Tödlicher Angriff auf Wyschnewe: Sieben Tote und fast hundert zerstörte Häuser.

Tödlicher Angriff auf Wyschnewe: Sieben Tote und fast hundert zerstörte Häuser
Tödlicher Angriff auf Wyschnewe: Sieben Tote und fast hundert zerstörte Häuser

Rettungsarbeiten in Wyschnewe nach dem Angriff

Nach Angaben von Espreso.tv: In der Stadt Wyschnewe laufen die Rettungs- und Bergungsarbeiten nach einem massiven russischen Angriff auf Hochtouren. Mindestens sieben Menschen kamen ums Leben, fast einhundert Privathäuser wurden beschädigt oder zerstört. Der Angriff ereignete sich in der Nacht zum 6. Juli, und die Folgen dieser Tragödie sind in der örtlichen Gemeinschaft noch immer deutlich zu spüren.

Unterstützung und ergriffene Maßnahmen

Mehr als 300 Rettungskräfte und über 80 Fahrzeuge sind im Einsatz, um die Schäden zu beseitigen. Vor Ort wurde ein operativer Stab eingerichtet, dem Rettungskräfte, Polizisten und Vertreter der lokalen Behörden angehören. Spezialisierte Sprengstoffeinheiten durchkämmen das Gebiet und überprüfen die Grundstücke auf gefährliche Gegenstände.

„Die Sprengstoffeinheiten sind im Einsatz und kontrollieren die Häuser“, erklärte Victoria Ruban, eine Sprecherin des Rettungsdienstes.

Die Sucharbeiten unter den Trümmern in den Bezirken Podilsk und Darnyzja sind bereits abgeschlossen, doch das Ausmaß der Verwüstung erfordert noch lange Einsätze. Augenzeuge Oleksandr Wernyhora berichtete:

„Sie wurden praktisch verschüttet. Als das Haus bereits brannte, rannten sie hinaus und flüchteten ans Ende der Straße.“

Die Anwohner beschreiben die Lage als kritisch und hoffen auf staatliche Hilfe. „Wir hoffen auf Unterstützung vom Staat, aber bisher müssen wir alles selbst machen“, fügte Wernyhora hinzu.

Menschen, die diese schreckliche Nacht überlebten, erinnern sich an heftige Explosionen und Panik. „Wir hörten laute Explosionen, gingen nach draußen und sahen ein riesiges Feuermeer“, erzählte Polina Oschho.
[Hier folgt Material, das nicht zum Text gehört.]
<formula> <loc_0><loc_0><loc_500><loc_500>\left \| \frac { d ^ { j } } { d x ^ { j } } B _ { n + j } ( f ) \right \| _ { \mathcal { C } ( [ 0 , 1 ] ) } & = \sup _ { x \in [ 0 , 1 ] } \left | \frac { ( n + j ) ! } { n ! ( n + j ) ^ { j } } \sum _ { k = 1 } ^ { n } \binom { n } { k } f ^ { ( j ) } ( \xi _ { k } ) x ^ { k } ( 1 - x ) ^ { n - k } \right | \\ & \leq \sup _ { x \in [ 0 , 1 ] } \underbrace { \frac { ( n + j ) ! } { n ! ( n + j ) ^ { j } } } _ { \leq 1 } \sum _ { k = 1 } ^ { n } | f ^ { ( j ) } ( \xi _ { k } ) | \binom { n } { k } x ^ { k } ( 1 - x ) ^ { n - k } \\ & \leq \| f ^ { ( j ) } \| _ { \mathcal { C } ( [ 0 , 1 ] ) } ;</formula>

Andere, wie Serhij, erlitten Verletzungen: „Ich wurde mit Putz und Glas eingedeckt, mein ganzer Körper war zerschnitten.“

Zudem wurde bekannt, dass die Luftabwehrsysteme keine der ballistischen Raketen, darunter Iskander und Zirkon, abfangen konnten. Dies unterstreicht die ernste Bedrohung für die Region und die Herausforderungen, vor denen die örtlichen Dienste bei der Bewältigung der Angriffsfolgen stehen.
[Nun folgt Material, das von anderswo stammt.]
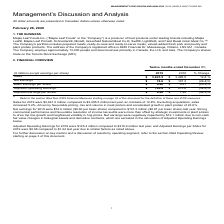Looking at Maple Leaf Foods's financial data, please calculate: What is the net earnings per worker in 2019? Based on the calculation: 74.6/13,000, the result is 0.01 (in millions). This is based on the information: "Net Earnings $ 74.6 $ 101.3 (26.4)% 5N 0A1, Canada. The Company employs approximately 13,000 people and does business primarily in Canada, the U.S. and Asia. The Company's shares trade on the 5N 0A1, ..." The key data points involved are: 13,000, 74.6. Also, Why did sales increase in 2019? Driven by favourable pricing, mix and volume in meat protein and accelerated growth in plant protein. The document states: "8%. Excluding acquisitions, sales increased 5.2%, driven by favourable pricing, mix and volume in meat protein and accelerated growth in plant protein..." Also, can you calculate: How much are the expenses in 2019? Based on the calculation: 3,941.5-74.6, the result is 3866.9 (in millions). This is based on the information: "Sales $ 3,941.5 $ 3,495.5 12.8 % Net Earnings $ 74.6 $ 101.3 (26.4)%..." The key data points involved are: 3,941.5, 74.6. Also, Why did net earnings fall in 2019? Strategic investments in plant protein to drive top line growth and heightened volatility in hog prices.. The document states: "tion of income tax audits were more than offset by strategic investments in plant protein to drive top line growth and heightened volatility in hog pr..." Also, How are acquisitions calculated in change of sales? Excluding acquisitions, sales increased. The document states: "$3,495.5 million last year, an increase of 12.8%. Excluding acquisitions, sales increased 5.2%, driven by favourable pricing, mix and volume in meat p..." Also, can you calculate: How many outstanding shares does the company has in 2019? Based on the calculation: 74.6/0.6, the result is 124.33 (in millions). This is based on the information: "Basic Earnings per Share $ 0.60 $ 0.81 (25.9)% Net Earnings $ 74.6 $ 101.3 (26.4)%..." The key data points involved are: 0.6, 74.6.

Die Ereignisse in Wyschnewe spiegeln die schwierige Lage in der Ukraine wider, in der Zivilisten weiterhin unter den Kriegsfolgen leiden. Ein zentraler Bestandteil des Wiederaufbaus wird die Unterstützung der Anwohner und das schnelle Eingreifen der staatlichen Stellen sein, um die Schäden zu beheben. Gleichzeitig wird die dringende Notwendigkeit einer Stärkung der Luftabwehr deutlich, um die Zivilbevölkerung künftig vor solchen Bedrohungen zu schützen.